= Styrian-Lower Austrian Limestone Alps =

The Styrian-Lower Austrian Limestone Alps (Steirisch-niederösterreichische Kalkalpen) are the easternmost part of the Northern Limestone Alps, running from the River Enns to the Vienna Basin. The high Alpine, limestone massifs of the Hochschwab, Veitsch, Schneealpe, Rax and Schneeberg belong to it as do the limestone prealps to the north as far as the Flysch zone.

The geological conditions in the limestone mountains make this part of the Limestone Alps a valuable drinking water reservoir, from which the Vienna Water Supply (Wiener Wasserversorgung) draws. The geologist, Eduard Suess, pressed the Vienna city council for a water supply from this region as early as 1864. In 1873 the First Vienna Mountain Spring Pipeline (I. Wiener Hochquellenwasserleitung) was opened, running from the Rax-Schneeberg area.
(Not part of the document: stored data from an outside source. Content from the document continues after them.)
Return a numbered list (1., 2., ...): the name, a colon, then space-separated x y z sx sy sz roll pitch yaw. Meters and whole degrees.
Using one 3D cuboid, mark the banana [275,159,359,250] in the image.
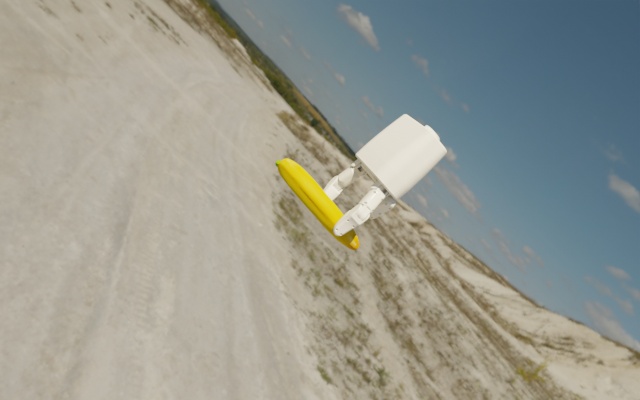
1. banana: -0.006 -0.001 0.751 0.037 0.198 0.069 -42 -9 6
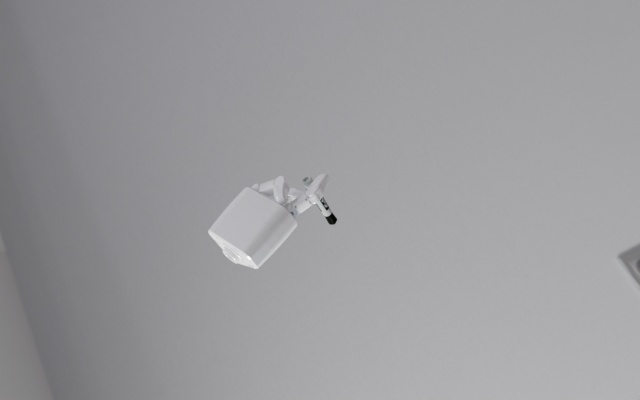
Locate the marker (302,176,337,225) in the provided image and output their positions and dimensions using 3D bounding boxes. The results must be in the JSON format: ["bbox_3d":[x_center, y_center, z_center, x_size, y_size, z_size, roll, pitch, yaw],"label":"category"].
[{"bbox_3d":[0.000,0.003,0.877,0.020,0.020,0.121,0,-42,35],"label":"marker"}]
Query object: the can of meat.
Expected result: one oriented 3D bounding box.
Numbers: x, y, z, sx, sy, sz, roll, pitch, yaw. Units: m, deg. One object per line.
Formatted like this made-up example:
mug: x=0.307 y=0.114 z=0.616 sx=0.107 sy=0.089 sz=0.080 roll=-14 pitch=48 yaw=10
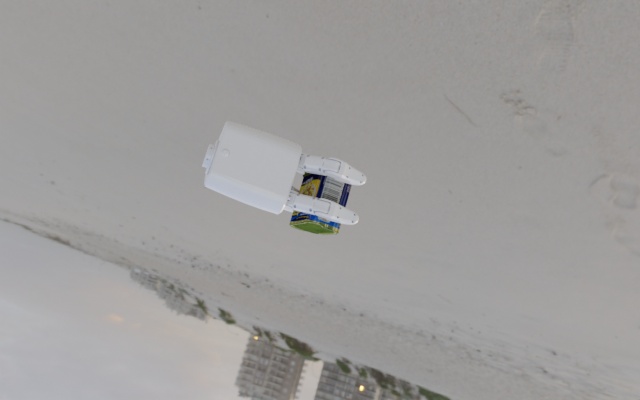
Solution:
can of meat: x=0.000 y=0.003 z=0.687 sx=0.057 sy=0.084 sz=0.102 roll=21 pitch=-12 yaw=-19
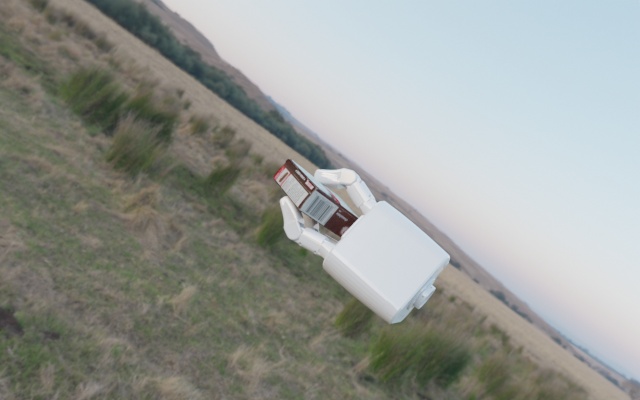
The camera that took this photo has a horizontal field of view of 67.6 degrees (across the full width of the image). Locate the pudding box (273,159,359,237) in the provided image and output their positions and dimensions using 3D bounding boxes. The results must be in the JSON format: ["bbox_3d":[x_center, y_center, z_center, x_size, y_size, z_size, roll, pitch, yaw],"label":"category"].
[{"bbox_3d":[0.000,0.002,0.631,0.113,0.039,0.090,38,5,-40],"label":"pudding box"}]
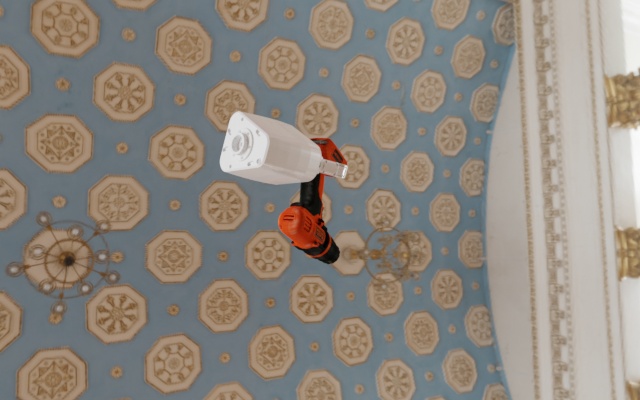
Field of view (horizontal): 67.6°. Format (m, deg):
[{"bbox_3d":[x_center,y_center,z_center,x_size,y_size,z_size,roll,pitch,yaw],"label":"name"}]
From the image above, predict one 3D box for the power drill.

The 2nd pipeline was opened in 1910 and also drew its water from the area of the Styrian-Lower Austrian Limestone Alps, being fed from sources in the Hochschwab region near Wildalpen. The largest spring is the Kläfferquelle at the foot of the Hochschwab, in Styrian Salza valley. This spring supplies 860 million litres per day during the thaw, four times more than can be transported to Vienna through the pipeline.
The Vienna Forestry Commission looks after the forests in the catchment area of the sources, which is a designated water protection area. Parts of the forest also belong to Admont Abbey.